Поскольку два этих предложения были сделаны за три месяца до начала
занятий, я согласился совершенно спокойно. Но время шло, и я тревожился все
сильней и сильней. Курс из девяти лекций должен был включать Готорна, По,
Торо, Эмерсона, Мелвилла, Уитмена, Твена, Генри Джеймса и Верлена. Первую
лекцию я написал. Но написать вторую у меня уже не было времени. К тому же,
думая о первой своей лекции как о дне Страшного суда, я чувствовал, что
после него может наступить только вечность. Каким-то чудом первая лекция
прошла довольно хорошо. За две ночи до второй я повел мою мать на прогулку
по Адроге и попросил, пока я буду вслух репетировать свою лекцию,
хронометрировать меня.
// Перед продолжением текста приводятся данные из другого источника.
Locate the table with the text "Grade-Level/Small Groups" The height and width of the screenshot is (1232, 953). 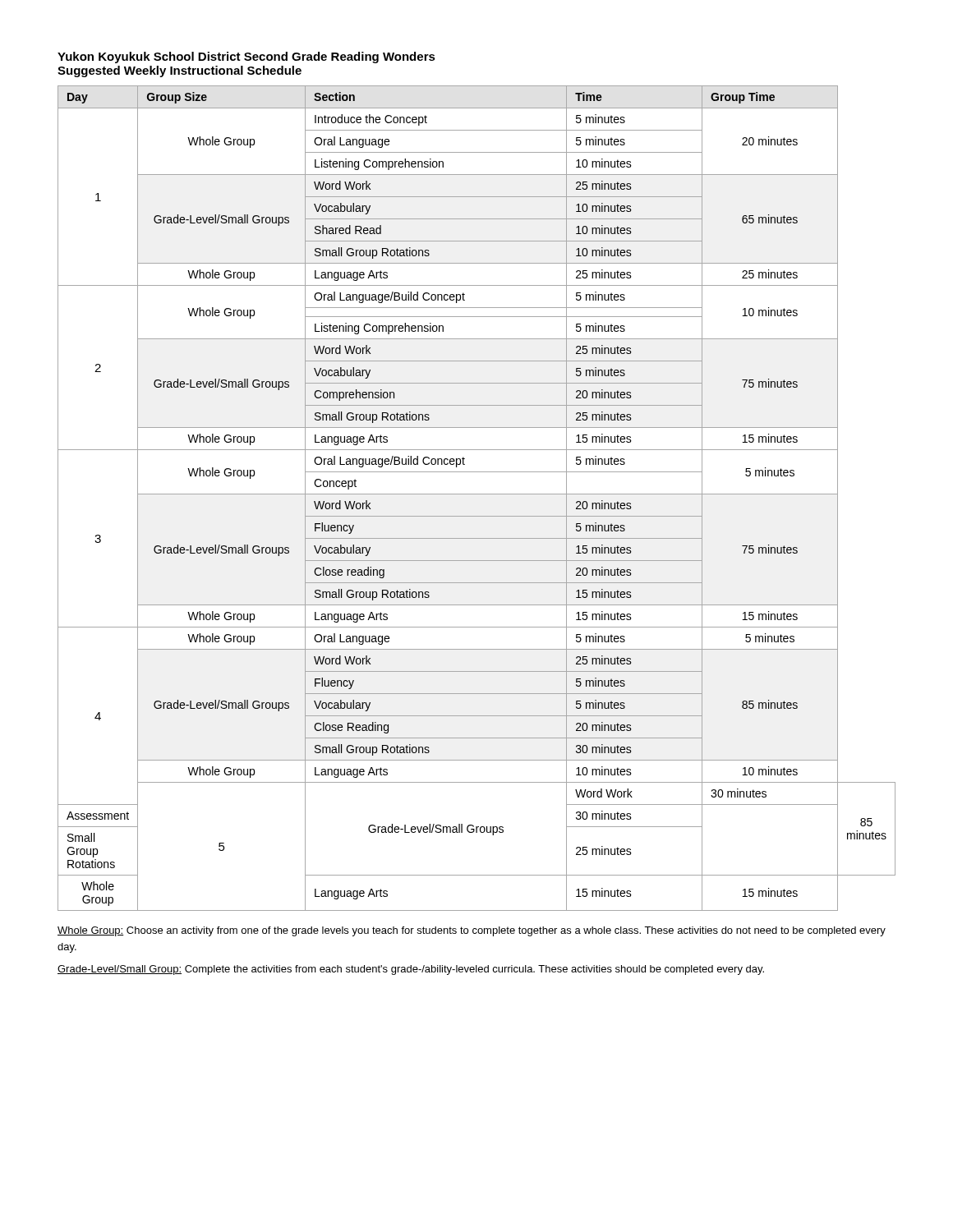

Она сказала, что, по ее мнению, лекция слишком
длинна. "В таком случае, -- сказал я, -- все в порядке". Я-то боялся, что
изложение будет чрезмерно сухим. Итак, в сорок семь лет я обнаружил, что
передо мной открывается новая, волнующая жизнь. Я ездил по всей Аргентине и
по Уругваю с лекциями о Сведенборге, Блейке, о персидских и китайских
мистиках, о буддизме, о поэзии гаучо, о Мартине Бубере, каббале, "Тысяче и
одной ночи", Т. Э. Лоуренсе, средневековой немецкой поэзии, исландских
сагах, Гейне, Данте, экспрессионизме и Сервантесе. Я переезжал из города в
город, останавливаясь в отелях, которых больше никогда не видел. Иногда меня
сопровождала мать или кто-нибудь из друзей. В конце концов я не только стал
зарабатывать куда больше денег, чем в библиотеке, но эта работа мне
нравилась, и я чувствовал, что она оправдывает мое существование.
Одним из главных событий тех лет -- и моей жизни -- было начало дружбы
с Адольфо Бьоем Касаресом. Мы встретились в 1930 или 1931 году, когда ему
было около семнадцати лет, а мне недавно исполнилось тридцать. В таких
случаях считается само собой разумеющимся, что старший по возрасту -- это
учитель, а младший -- ученик. Возможно, что вначале так оно и было, но уже
несколько лет спустя, когда мы начали работать вместе, учителем практически
и незаметно стал Бьой. Он и я предпринимали много разных литературных работ.
Мы составляли антологии аргентинской поэзии, фантастических рассказов и
детективных историй; мы писали статьи и предисловия; мы сделали комментарий
к сэру Томасу Брауну и к Грасиану; мы переводили новеллы таких писателей,
как Бирбом, Киплинг, Уэллс и лорд Дансейни; мы основали журнал "Дестьемпо"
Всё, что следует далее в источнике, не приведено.